Locking down the tablet without losing your mind — The Real Truth About That Free Baby Dragon Emote Code Situation

I swear you need a degree in computer science to lock down an iPad these days. I tried setting up the family sharing restrictions, but it required me to remember an old email password from 2014, and then it tried to send a verification code to a phone number I haven't owned since I lived in a college dorm. When I finally got in, I tried to set up the biometric thumbprint scanner to approve purchases, but my hands are constantly covered in a thin layer of dried baby oatmeal or dish soap, so the sensor rejects me nine times out of ten and locks me out of my own account.

If you want to keep your bank account intact, you basically have to dive into the darkest corners of the settings menu, set up a four-digit screen time passcode that you pray you'll remember by tomorrow morning, and completely disable the option for in-app purchases before handing the hunk of glass and metal back over to a child who's smarter than you're.
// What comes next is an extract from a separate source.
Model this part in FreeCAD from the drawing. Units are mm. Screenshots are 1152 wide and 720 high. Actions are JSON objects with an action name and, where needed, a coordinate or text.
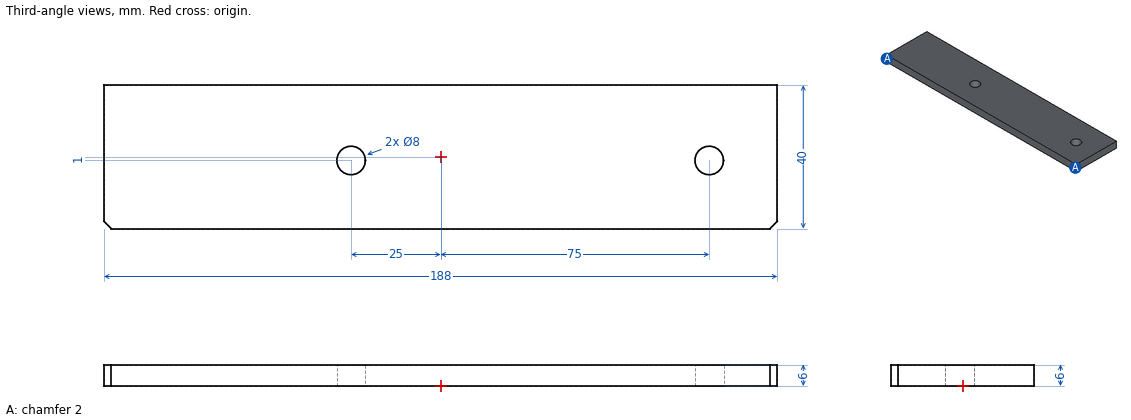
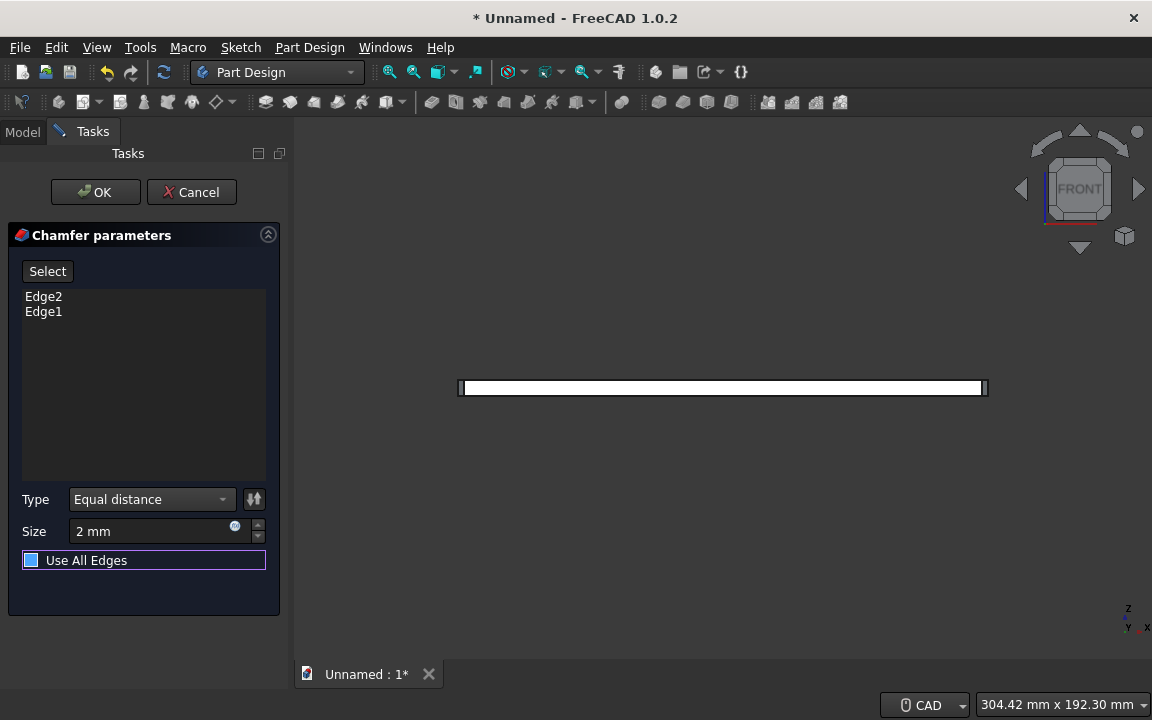
{"action": "left_click", "coordinate": [96, 192]}

Or you could just pull the plug on your wifi router every night at seven o'clock so nobody has to fight about digital curfews anymore.
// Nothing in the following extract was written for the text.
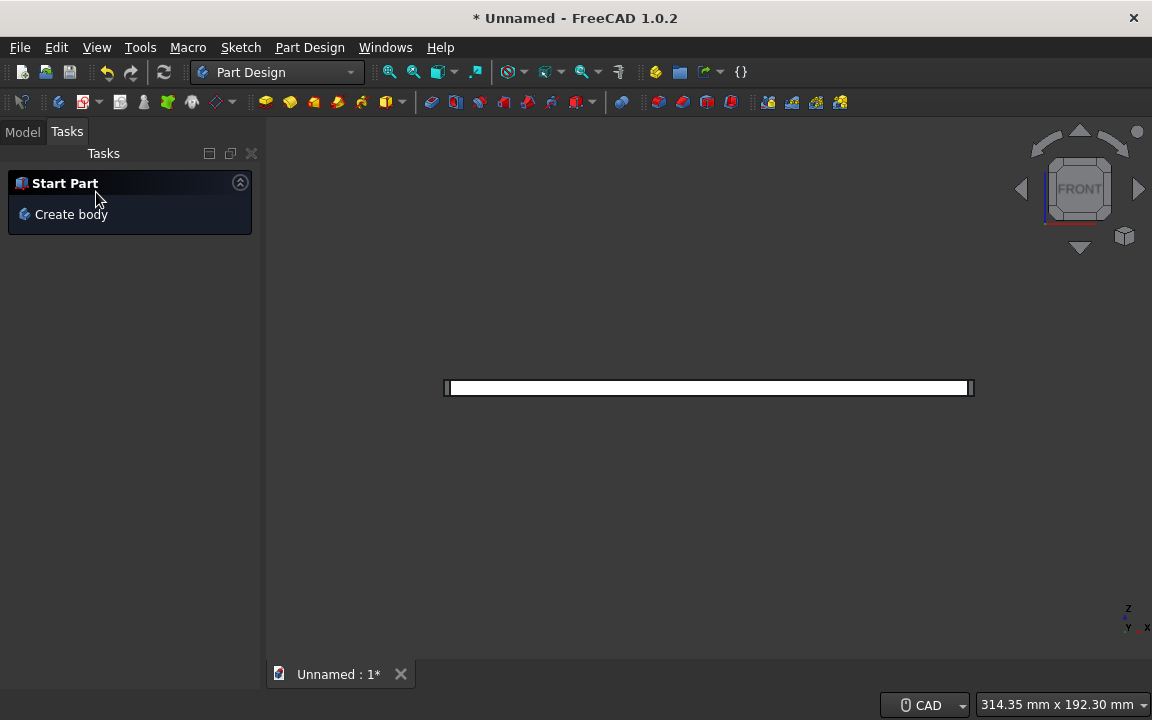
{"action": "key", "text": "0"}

Real talk before you hand over the device

Parenting in the digital age is messy, and anyone on Instagram who claims they've it all perfectly balanced with zero screen time and perfectly serene children is lying to you. We all make mistakes, we all hand over the phone when we just need ten minutes of quiet, and we all eventually have to face the music when our kids get obsessed with a face-licking cartoon lizard. The trick isn't to ban everything completely; it's just about making sure you've enough physical, real-world options lying around to pull them back down to earth when the game gets turned off.
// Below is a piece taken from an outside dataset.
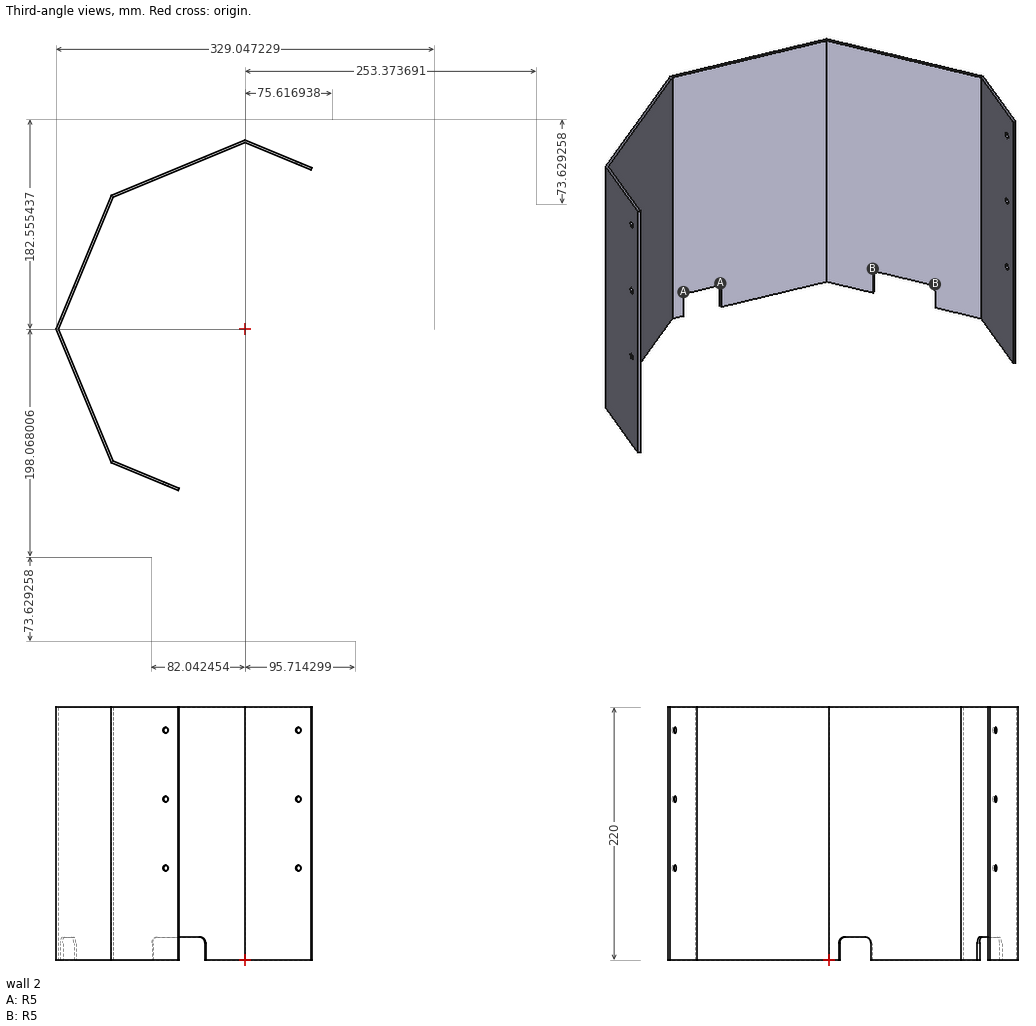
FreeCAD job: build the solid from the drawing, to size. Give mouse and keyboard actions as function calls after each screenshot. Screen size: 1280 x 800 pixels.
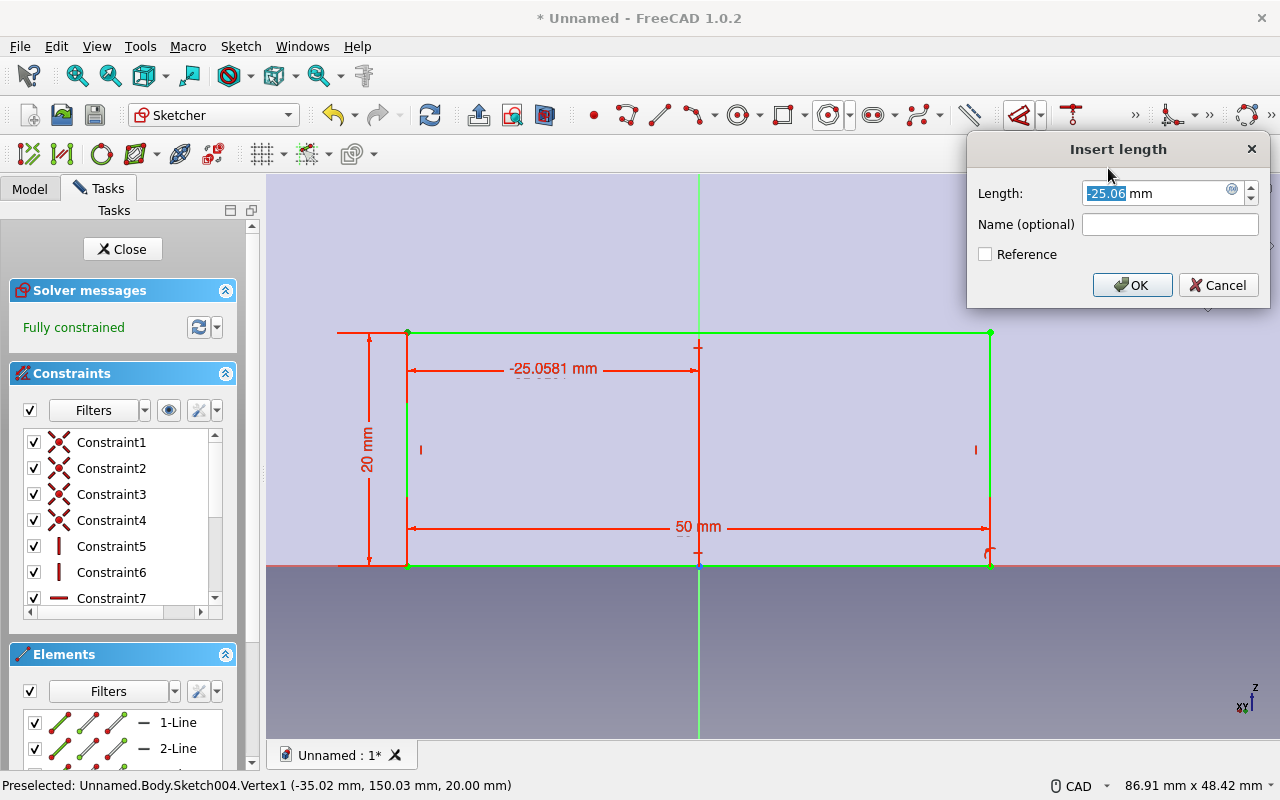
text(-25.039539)
key(Return)

If you're trying to transition your kids away from the glowing rectangles and back into the real world, check out Kianao's full collection of safe play products to find things that will seriously hold their attention without needing a wifi connection.

Frequently Asked Questions

Does redeeming the baby dragon code charge my credit card?

No, typing in BLOWTHEMAWAY to get the face-licking emote is completely free, but it's basically bait. Once they're in the game and having fun with their new animation, the app is going to throw a million colorful buttons at them begging them to buy gems and chests, so you've to make sure your phone's purchase settings are locked down tighter than Fort Knox.

Are mobile strategy games like this seriously bad for a four-year-old?

My mom says they're the devil's work, but I think it's just too much stimulation for a brain that's still trying to figure out how to put its own shoes on. The game is rated for older kids because of the fantasy violence and the sneaky gambling-style loot boxes, so I definitely regret letting my oldest watch his cousin play it, but we're just taking it one day at a time now.

How do I stop them from buying things by accident?

You have to go into your phone or tablet's screen time settings, find the content and privacy restrictions tab, and explicitly turn off the ability to make in-app purchases, while also making sure they don't somehow know the passcode you use to unlock the device in the first place.

Can strangers talk to my kid on this app?

Sort of, and it creeps me out. There isn't an open voice chat where random people can scream at them, but players can join "Clans" to type messages to each other, and during live battles, opponents can spam those little animated emotes to mock each other, which inevitably leads to tears in my living room.

What's the best way to get them to turn it off without a tantrum?

I've found that giving five-minute warnings literally never works and just prolongs the agony, so instead I try to physically hand him a really cool snack or dump a pile of soft building blocks on the floor right next to him so he has something instantly better to do the second I take the screen away.